Рубин расхохотался. Он хохотал в спорах, если совершенно отвергал взгляды своего противника (а именно так и приходилось ему в тюрьме).
– Внемли, дитя! В тебе сказывается неокреплость юного сознания. Свой личный опыт ты предпочитаешь кол-лективному опыту человечества. Ты отравлен ароматами тюремной параши – и сквозь эти пары хочешь увидеть мир.
Из-за того, что мы лично потерпели крушение, из-за того, что нескладна наша личная судьба – как может мужчина дать измениться, хоть сколько-нибудь повернуться своим убеждениям?
– А ты гордишься своим постоянством?
– Да! Hier stehe ich und kann nicht anders.
– Каменный лоб! Вот это и есть метафизика! Вместо того чтобы здесь, в тюрьме, учиться, впитывать новую жизнь...
– Ка-кую жизнь? Ядовитую желчь неудачников?
– ... ты сознательно залепил глаза, заткнул уши, занял позу – и в этом видишь свой ум? В отказе от развития – ум? В торжество вашего чертова коммунизма ты насилуешь себя верить, а не веришь!
– Да не вера – научное знание, обалдон! И – беспристрастность .
– Ты?! Ты – беспристрастен?
– Аб-солютно! – с достоинством произнес Рубин.
– Да я в жизни не знал человека пристрастнее тебя!
– Да поднимись ты выше своей кочки зрения! Да взгляни же в историческом разрезе! За-ко-но-мерность! Ты понимаешь это слово? Неизбежно обусловленная закономерность! Все идет туда, куда надо! Исторический материализм не мог перестать быть истиной из-за того только, что мы с тобой в тюрьме. И нечего рыться носом, выворачивать какой-то трухлявый скепсис!
– Лев, пойми! Я не с радостью – я с болью сердечной расставался с этим учением! Ведь оно было – звон и пафос моей юности, я для него все остальное забыл и проклял! Я сейчас – стебелек, расту в воронке, где бомбой вывернуло дерево веры. Но с тех пор, как меня в тюремных спорах били и били...
– Потому что у тебя ума не хватало, дура!

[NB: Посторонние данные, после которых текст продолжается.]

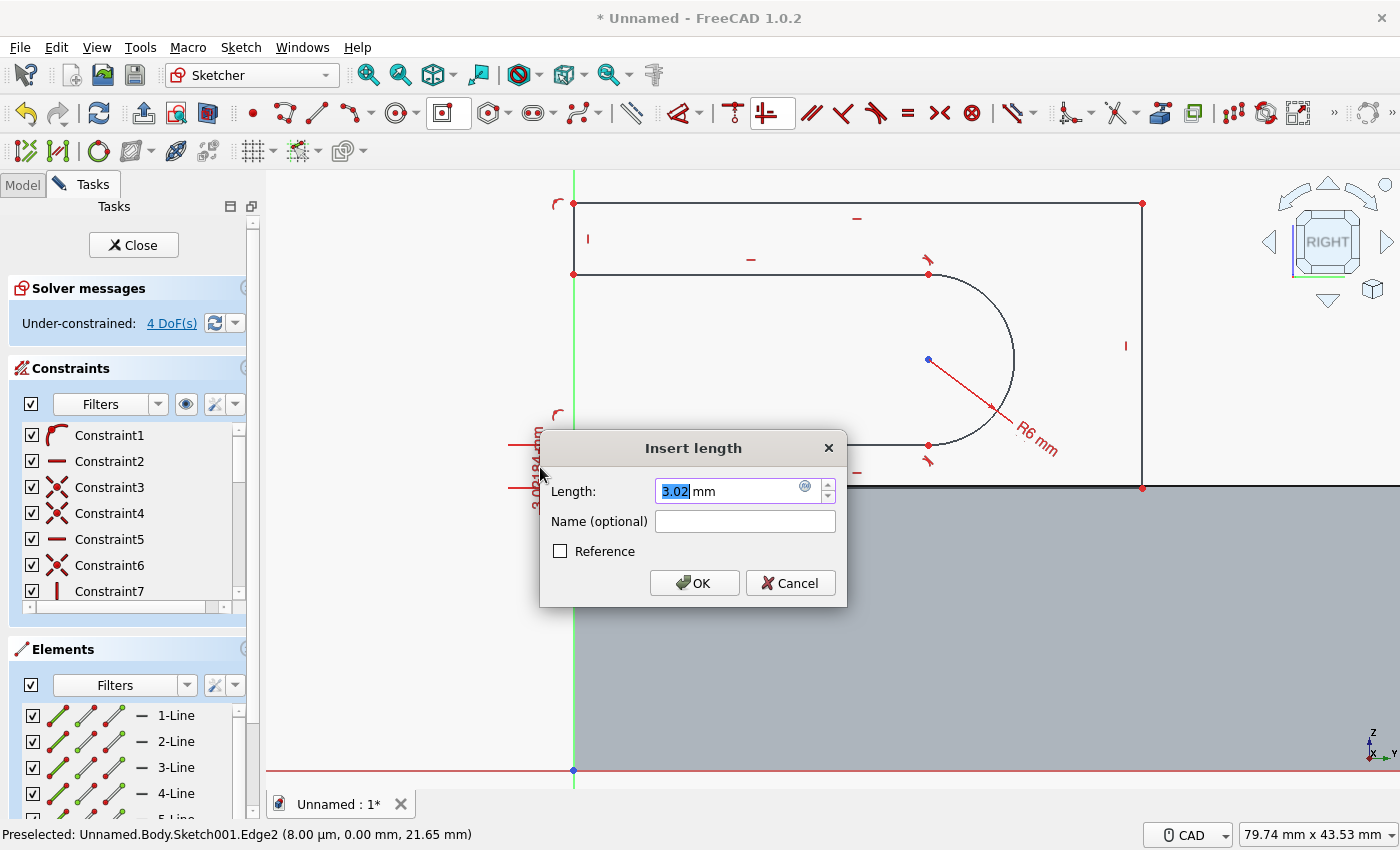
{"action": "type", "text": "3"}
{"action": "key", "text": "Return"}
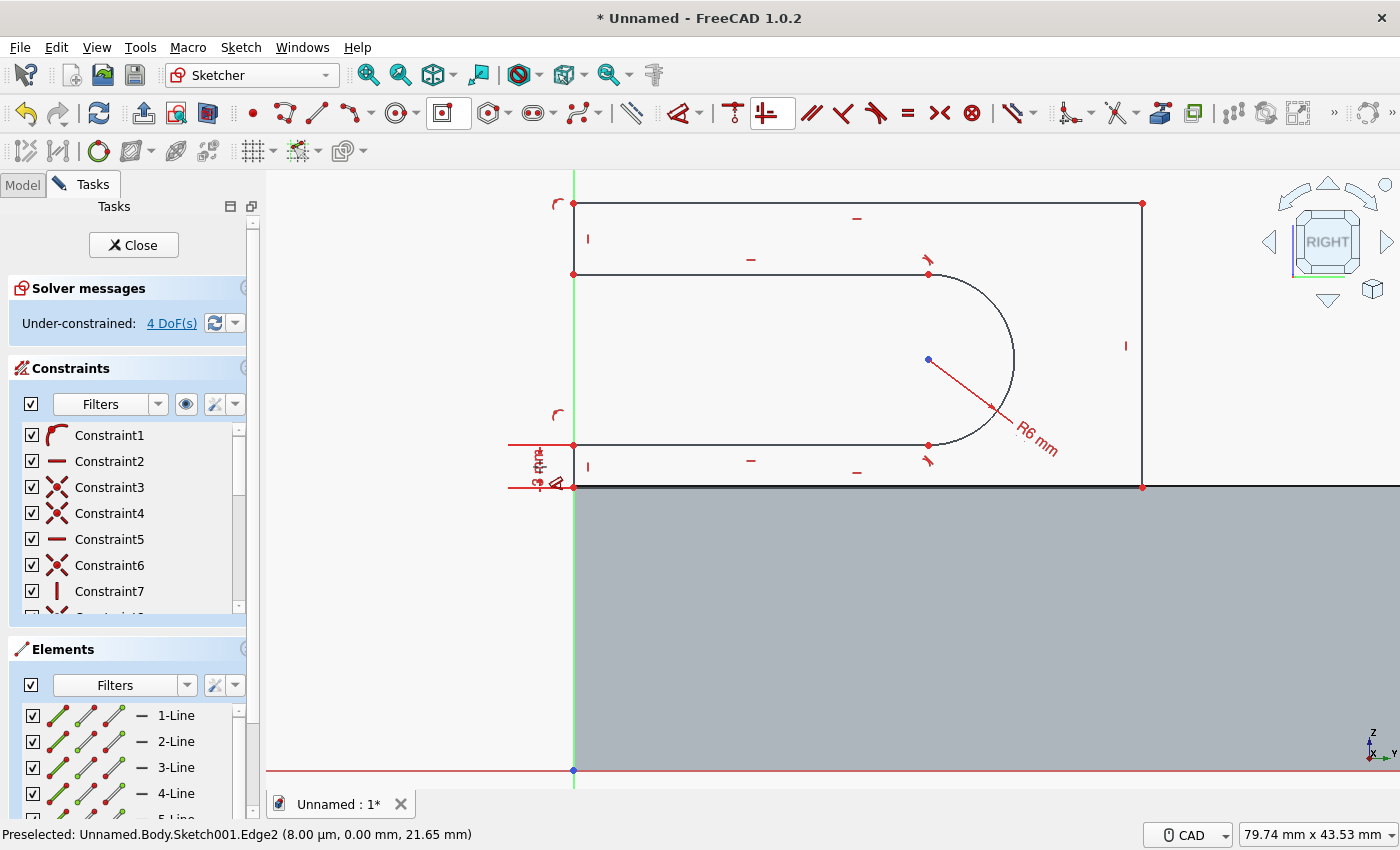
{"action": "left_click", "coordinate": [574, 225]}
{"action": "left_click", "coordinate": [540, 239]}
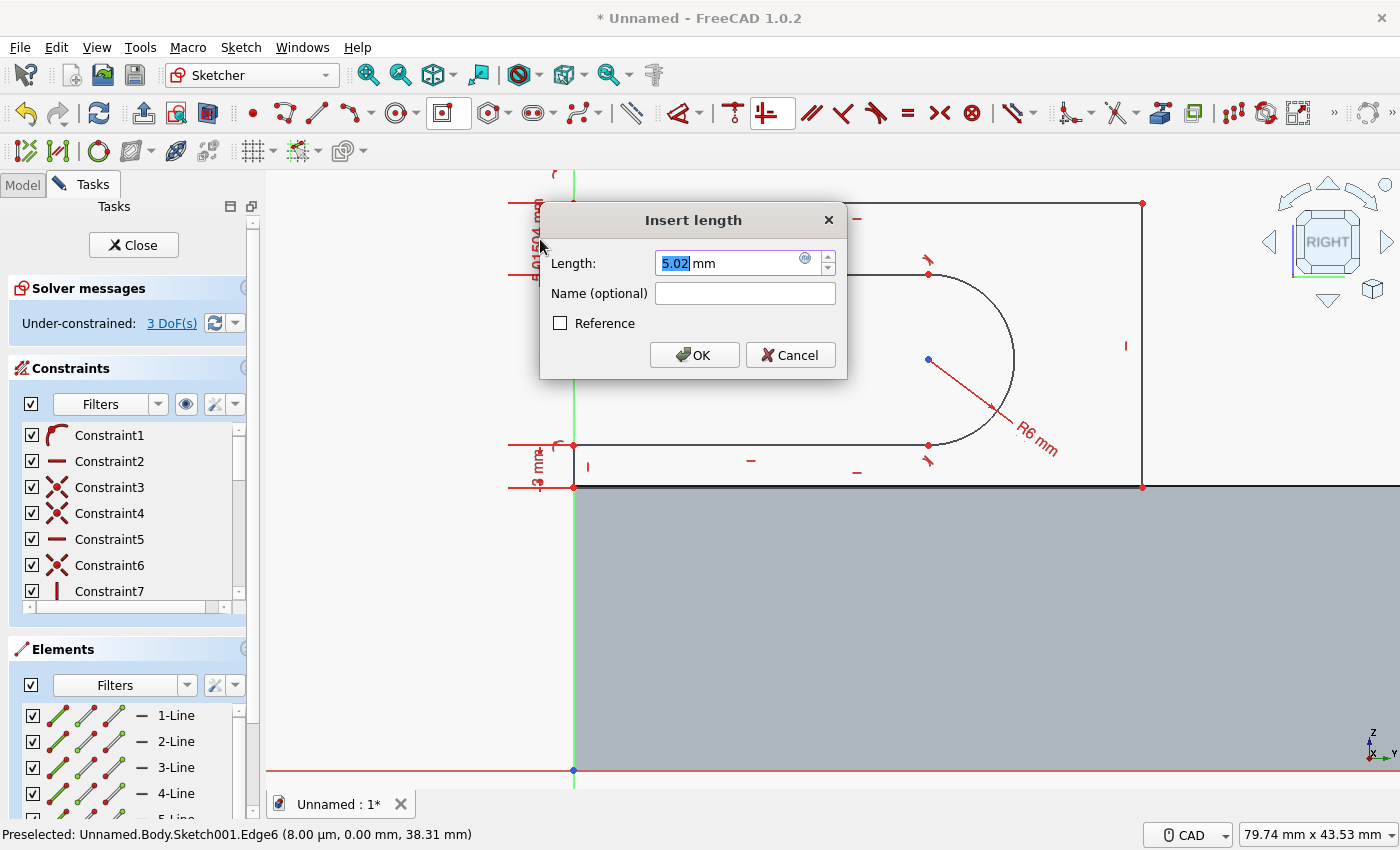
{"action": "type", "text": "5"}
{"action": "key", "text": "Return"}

– ... я по честности должен был отбросить ваши хилые построения. И искать другие. А это нелегко. Скептицизм у меня, может быть – сарай при дороге, пересидеть непогоду.
– Утки в дудки, тараканы в барабаны! Ске-епсис! Да разве из тебя выйдет порядочный скептик? Скептику по-ложено воздержание от суждений – а ты обо всем лезешь с приговором! Скептику положена атараксия, душевная невозмутимость – а ты по каждому поводу кипятишься!
– Да! Ты прав! – Глеб взялся за голову. – Я мечтаю быть сдержанным, я воспитываю в себе только... парящую мысль, а обстоятельства завертят – и я кружусь, огрызаюсь, негодую...
– Парящую мысль! А мне в глотку готов вцепиться из-за того, что в Джезказгане не хватает питьевой воды!
– Тебя бы туда загнать, падло! Изо всех нас ты же один считаешь, что методы МГБ необходимы...
– Да! Без твердой пенитенциарной системы государство существовать не может...
– ... Так вот тебя и загнать в Джезказган! Что ты там запоешь?
– Да дурак ты набитый! Ты бы хоть прежде почитал, что говорят о скептицизме большие люди.